◆ **Exercise goal**: What you return must match the records word for word, except that images are dropped.
━━━ Source material ━━━
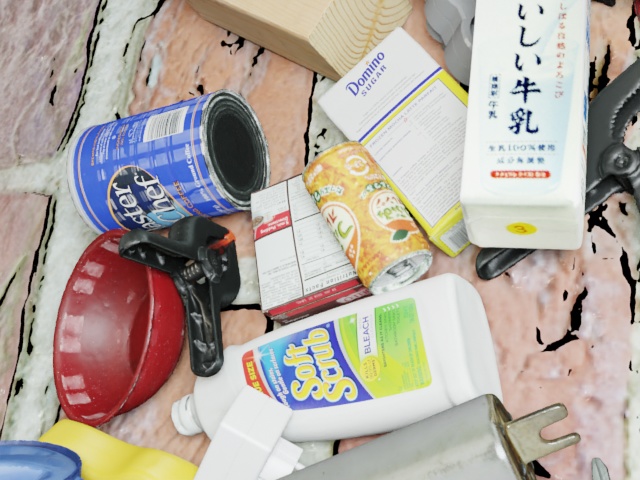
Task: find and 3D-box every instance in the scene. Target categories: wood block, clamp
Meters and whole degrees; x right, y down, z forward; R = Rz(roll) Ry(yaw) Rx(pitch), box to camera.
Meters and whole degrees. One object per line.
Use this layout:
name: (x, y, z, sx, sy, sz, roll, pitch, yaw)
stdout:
wood block: (-0.034, -0.219, 0.930, 0.206, 0.090, 0.091, 31, 86, 37)
clamp: (0.202, -0.044, 0.733, 0.165, 0.036, 0.210, 9, 74, 36)
clamp: (-0.102, 0.019, 0.823, 0.039, 0.120, 0.171, -22, 21, 11)

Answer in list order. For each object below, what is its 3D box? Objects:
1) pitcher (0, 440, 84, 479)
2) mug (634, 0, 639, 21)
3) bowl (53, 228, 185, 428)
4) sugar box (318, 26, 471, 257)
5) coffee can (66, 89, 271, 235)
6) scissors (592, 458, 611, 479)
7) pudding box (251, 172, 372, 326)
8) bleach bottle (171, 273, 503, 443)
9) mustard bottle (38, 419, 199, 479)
pitcher: (-0.219, 0.270, 0.740, 0.149, 0.144, 0.243, 10, 103, 60)
mug: (0.265, -0.206, 0.742, 0.117, 0.081, 0.093, -39, 53, 10)
bowl: (-0.156, 0.075, 0.867, 0.162, 0.055, 0.162, -21, 62, 47)
sugar box: (0.080, -0.079, 0.820, 0.093, 0.048, 0.176, -41, 50, 8)
coffee can: (-0.127, -0.062, 0.903, 0.140, 0.102, 0.103, -11, 62, 27)
scissors: (0.198, 0.229, 0.616, 0.096, 0.016, 0.201, -2, 67, 30)
pudding box: (-0.006, 0.001, 0.839, 0.090, 0.039, 0.113, -20, 60, 21)
bleach bottle: (0.000, 0.106, 0.771, 0.251, 0.068, 0.102, -21, 62, 26)
mustard bottle: (-0.122, 0.195, 0.784, 0.192, 0.096, 0.058, 9, 33, 33)
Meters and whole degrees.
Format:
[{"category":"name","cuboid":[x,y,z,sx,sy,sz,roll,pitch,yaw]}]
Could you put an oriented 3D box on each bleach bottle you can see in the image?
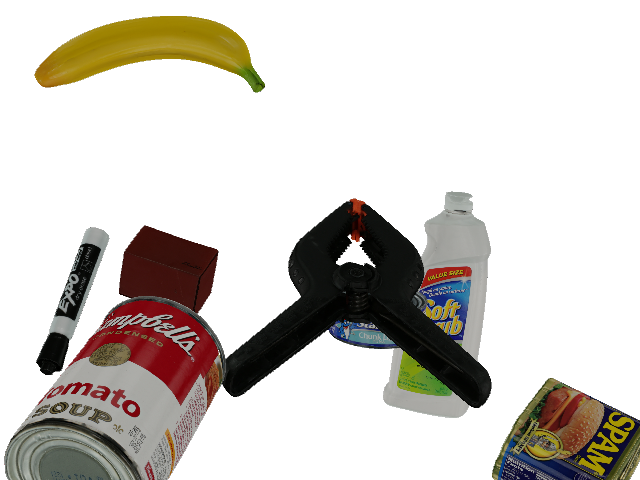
[{"category":"bleach bottle","cuboid":[0.134,0.069,1.205,0.103,0.251,0.068,9,14,18]}]

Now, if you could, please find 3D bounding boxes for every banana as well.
[{"category":"banana","cuboid":[-0.148,-0.165,0.932,0.197,0.069,0.037,0,-33,-4]}]

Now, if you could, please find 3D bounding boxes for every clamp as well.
[{"category":"clamp","cuboid":[0.034,0.040,0.720,0.164,0.036,0.210,7,34,6]}]

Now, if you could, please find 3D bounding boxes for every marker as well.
[{"category":"marker","cuboid":[-0.181,0.044,0.780,0.020,0.121,0.020,9,-35,6]}]

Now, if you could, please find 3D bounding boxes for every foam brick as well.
[{"category":"foam brick","cuboid":[-0.143,0.030,1.004,0.078,0.051,0.053,19,33,7]}]

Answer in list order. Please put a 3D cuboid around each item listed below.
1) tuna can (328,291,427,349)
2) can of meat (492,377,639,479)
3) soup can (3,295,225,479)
[{"category":"tuna can","cuboid":[0.049,0.065,0.925,0.086,0.034,0.086,2,15,-1]},{"category":"can of meat","cuboid":[0.188,0.158,0.798,0.084,0.057,0.101,25,41,25]},{"category":"soup can","cuboid":[-0.093,0.081,0.496,0.069,0.068,0.102,0,28,17]}]
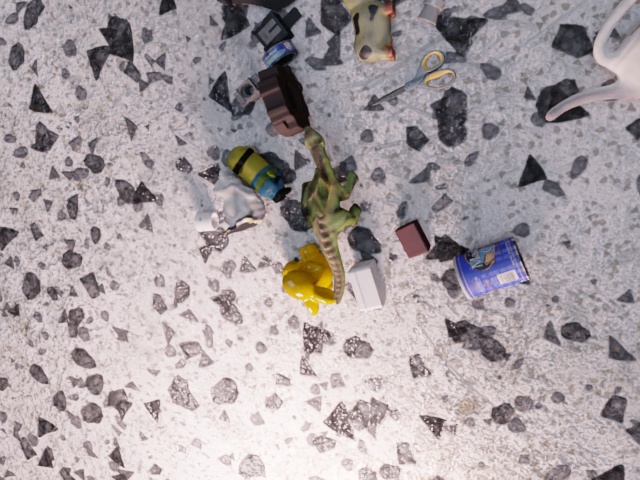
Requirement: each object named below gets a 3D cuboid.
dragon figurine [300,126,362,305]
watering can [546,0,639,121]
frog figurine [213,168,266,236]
[{"bbox_3d":[0.004,-0.059,1.178,0.122,0.414,0.241,-8,-11,23],"label":"dragon figurine"},{"bbox_3d":[0.628,-0.334,0.999,0.225,0.343,0.105,37,19,9],"label":"watering can"},{"bbox_3d":[-0.212,-0.108,1.336,0.123,0.161,0.135,-12,-12,-24],"label":"frog figurine"}]
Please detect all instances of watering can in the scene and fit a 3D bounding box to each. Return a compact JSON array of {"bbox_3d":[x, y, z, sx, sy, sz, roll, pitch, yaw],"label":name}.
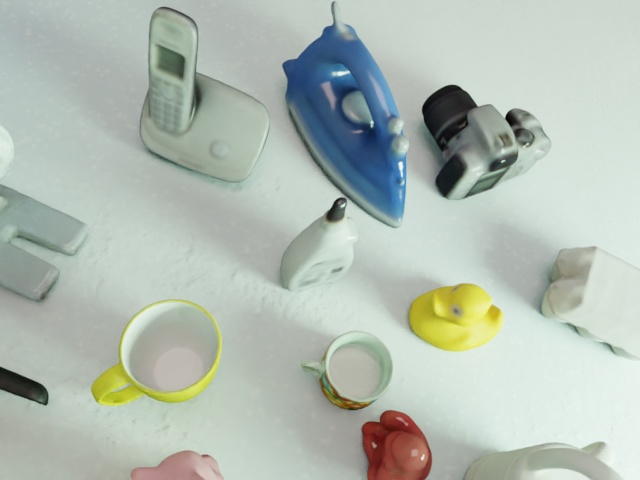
[{"bbox_3d":[0.205,0.238,0.505,0.101,0.173,0.194,33,-27,5],"label":"watering can"}]

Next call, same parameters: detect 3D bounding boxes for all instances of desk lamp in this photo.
[{"bbox_3d":[-0.339,-0.061,0.522,0.203,0.118,0.213,23,-28,0],"label":"desk lamp"}]

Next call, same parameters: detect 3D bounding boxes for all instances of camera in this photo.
[{"bbox_3d":[0.206,-0.142,0.741,0.143,0.136,0.100,-21,-20,-20],"label":"camera"}]

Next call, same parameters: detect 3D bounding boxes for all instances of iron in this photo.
[{"bbox_3d":[0.053,-0.152,0.690,0.119,0.258,0.141,-21,-19,-20],"label":"iron"}]

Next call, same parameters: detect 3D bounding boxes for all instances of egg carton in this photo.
[{"bbox_3d":[0.343,0.075,0.683,0.150,0.107,0.069,27,-28,2],"label":"egg carton"}]

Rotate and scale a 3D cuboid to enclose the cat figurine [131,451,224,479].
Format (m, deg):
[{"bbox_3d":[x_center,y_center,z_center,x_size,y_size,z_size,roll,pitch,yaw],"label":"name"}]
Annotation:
[{"bbox_3d":[-0.098,0.230,0.487,0.067,0.127,0.117,-41,-12,-25],"label":"cat figurine"}]

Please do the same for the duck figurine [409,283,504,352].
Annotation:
[{"bbox_3d":[0.160,0.078,0.634,0.104,0.077,0.086,8,-27,-8],"label":"duck figurine"}]

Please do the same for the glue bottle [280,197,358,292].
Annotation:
[{"bbox_3d":[0.005,0.002,0.588,0.078,0.037,0.173,-13,-22,-17],"label":"glue bottle"}]

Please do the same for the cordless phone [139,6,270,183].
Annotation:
[{"bbox_3d":[-0.125,-0.156,0.629,0.147,0.094,0.185,20,-28,-2],"label":"cordless phone"}]

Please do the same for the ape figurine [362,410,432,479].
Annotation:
[{"bbox_3d":[0.078,0.205,0.551,0.076,0.078,0.092,34,-27,5],"label":"ape figurine"}]
━━━
◆ **Written response**:
Task: find and 3D-box every instance in the scene. Target categories: wood block, clamp
Meters and whole degrees; x right, y down, z forward; R = Rz(roll) Ry(yaw) Rx(pitch), box to camera.
Meters and whole degrees. One object per line.
Use this layout:
name: (x, y, z, sx, sy, sz, roll, pitch, yaw)
stdout:
wood block: (-0.034, -0.219, 0.930, 0.206, 0.090, 0.091, 31, 86, 37)
clamp: (0.202, -0.044, 0.733, 0.165, 0.036, 0.210, 9, 74, 36)
clamp: (-0.102, 0.019, 0.823, 0.039, 0.120, 0.171, -22, 21, 11)

Answer in list order. For each object below, what is its 3D box? Objects:
1) pitcher (0, 440, 84, 479)
2) mug (634, 0, 639, 21)
3) bowl (53, 228, 185, 428)
4) sugar box (318, 26, 471, 257)
5) coffee can (66, 89, 271, 235)
6) scissors (592, 458, 611, 479)
7) pudding box (251, 172, 372, 326)
8) bleach bottle (171, 273, 503, 443)
9) mustard bottle (38, 419, 199, 479)
pitcher: (-0.219, 0.270, 0.740, 0.149, 0.144, 0.243, 10, 103, 60)
mug: (0.265, -0.206, 0.742, 0.117, 0.081, 0.093, -39, 53, 10)
bowl: (-0.156, 0.075, 0.867, 0.162, 0.055, 0.162, -21, 62, 47)
sugar box: (0.080, -0.079, 0.820, 0.093, 0.048, 0.176, -41, 50, 8)
coffee can: (-0.127, -0.062, 0.903, 0.140, 0.102, 0.103, -11, 62, 27)
scissors: (0.198, 0.229, 0.616, 0.096, 0.016, 0.201, -2, 67, 30)
pudding box: (-0.006, 0.001, 0.839, 0.090, 0.039, 0.113, -20, 60, 21)
bleach bottle: (0.000, 0.106, 0.771, 0.251, 0.068, 0.102, -21, 62, 26)
mustard bottle: (-0.122, 0.195, 0.784, 0.192, 0.096, 0.058, 9, 33, 33)
Meters and whole degrees.
Format:
[{"category":"name","cuboid":[x,y,z,sx,sy,sz,roll,pitch,yaw]}]
Could you put an oriented 3D box on each bleach bottle you can see in the image?
[{"category":"bleach bottle","cuboid":[0.134,0.069,1.205,0.103,0.251,0.068,9,14,18]}]

Now, if you could, please find 3D bounding boxes for every banana as well.
[{"category":"banana","cuboid":[-0.148,-0.165,0.932,0.197,0.069,0.037,0,-33,-4]}]

Now, if you could, please find 3D bounding boxes for every clamp as well.
[{"category":"clamp","cuboid":[0.034,0.040,0.720,0.164,0.036,0.210,7,34,6]}]

Now, if you could, please find 3D bounding boxes for every marker as well.
[{"category":"marker","cuboid":[-0.181,0.044,0.780,0.020,0.121,0.020,9,-35,6]}]

Now, if you could, please find 3D bounding boxes for every foam brick as well.
[{"category":"foam brick","cuboid":[-0.143,0.030,1.004,0.078,0.051,0.053,19,33,7]}]

Answer in list order. Please put a 3D cuboid around each item listed below.
1) tuna can (328,291,427,349)
2) can of meat (492,377,639,479)
3) soup can (3,295,225,479)
[{"category":"tuna can","cuboid":[0.049,0.065,0.925,0.086,0.034,0.086,2,15,-1]},{"category":"can of meat","cuboid":[0.188,0.158,0.798,0.084,0.057,0.101,25,41,25]},{"category":"soup can","cuboid":[-0.093,0.081,0.496,0.069,0.068,0.102,0,28,17]}]
Requirement: each object named below gets a 3D cuboid.
dragon figurine [300,126,362,305]
watering can [546,0,639,121]
frog figurine [213,168,266,236]
[{"bbox_3d":[0.004,-0.059,1.178,0.122,0.414,0.241,-8,-11,23],"label":"dragon figurine"},{"bbox_3d":[0.628,-0.334,0.999,0.225,0.343,0.105,37,19,9],"label":"watering can"},{"bbox_3d":[-0.212,-0.108,1.336,0.123,0.161,0.135,-12,-12,-24],"label":"frog figurine"}]
Please detect all instances of watering can in the scene and fit a 3D bounding box to each. Return a compact JSON array of {"bbox_3d":[x, y, z, sx, sy, sz, roll, pitch, yaw],"label":name}.
[{"bbox_3d":[0.205,0.238,0.505,0.101,0.173,0.194,33,-27,5],"label":"watering can"}]

Next call, same parameters: detect 3D bounding boxes for all instances of desk lamp in this photo.
[{"bbox_3d":[-0.339,-0.061,0.522,0.203,0.118,0.213,23,-28,0],"label":"desk lamp"}]

Next call, same parameters: detect 3D bounding boxes for all instances of camera in this photo.
[{"bbox_3d":[0.206,-0.142,0.741,0.143,0.136,0.100,-21,-20,-20],"label":"camera"}]

Next call, same parameters: detect 3D bounding boxes for all instances of iron in this photo.
[{"bbox_3d":[0.053,-0.152,0.690,0.119,0.258,0.141,-21,-19,-20],"label":"iron"}]

Next call, same parameters: detect 3D bounding boxes for all instances of egg carton in this photo.
[{"bbox_3d":[0.343,0.075,0.683,0.150,0.107,0.069,27,-28,2],"label":"egg carton"}]

Rotate and scale a 3D cuboid to enclose the cat figurine [131,451,224,479].
Format (m, deg):
[{"bbox_3d":[x_center,y_center,z_center,x_size,y_size,z_size,roll,pitch,yaw],"label":"name"}]
Annotation:
[{"bbox_3d":[-0.098,0.230,0.487,0.067,0.127,0.117,-41,-12,-25],"label":"cat figurine"}]

Please do the same for the duck figurine [409,283,504,352].
Annotation:
[{"bbox_3d":[0.160,0.078,0.634,0.104,0.077,0.086,8,-27,-8],"label":"duck figurine"}]

Please do the same for the glue bottle [280,197,358,292].
Annotation:
[{"bbox_3d":[0.005,0.002,0.588,0.078,0.037,0.173,-13,-22,-17],"label":"glue bottle"}]

Please do the same for the cordless phone [139,6,270,183].
Annotation:
[{"bbox_3d":[-0.125,-0.156,0.629,0.147,0.094,0.185,20,-28,-2],"label":"cordless phone"}]

Please do the same for the ape figurine [362,410,432,479].
Annotation:
[{"bbox_3d":[0.078,0.205,0.551,0.076,0.078,0.092,34,-27,5],"label":"ape figurine"}]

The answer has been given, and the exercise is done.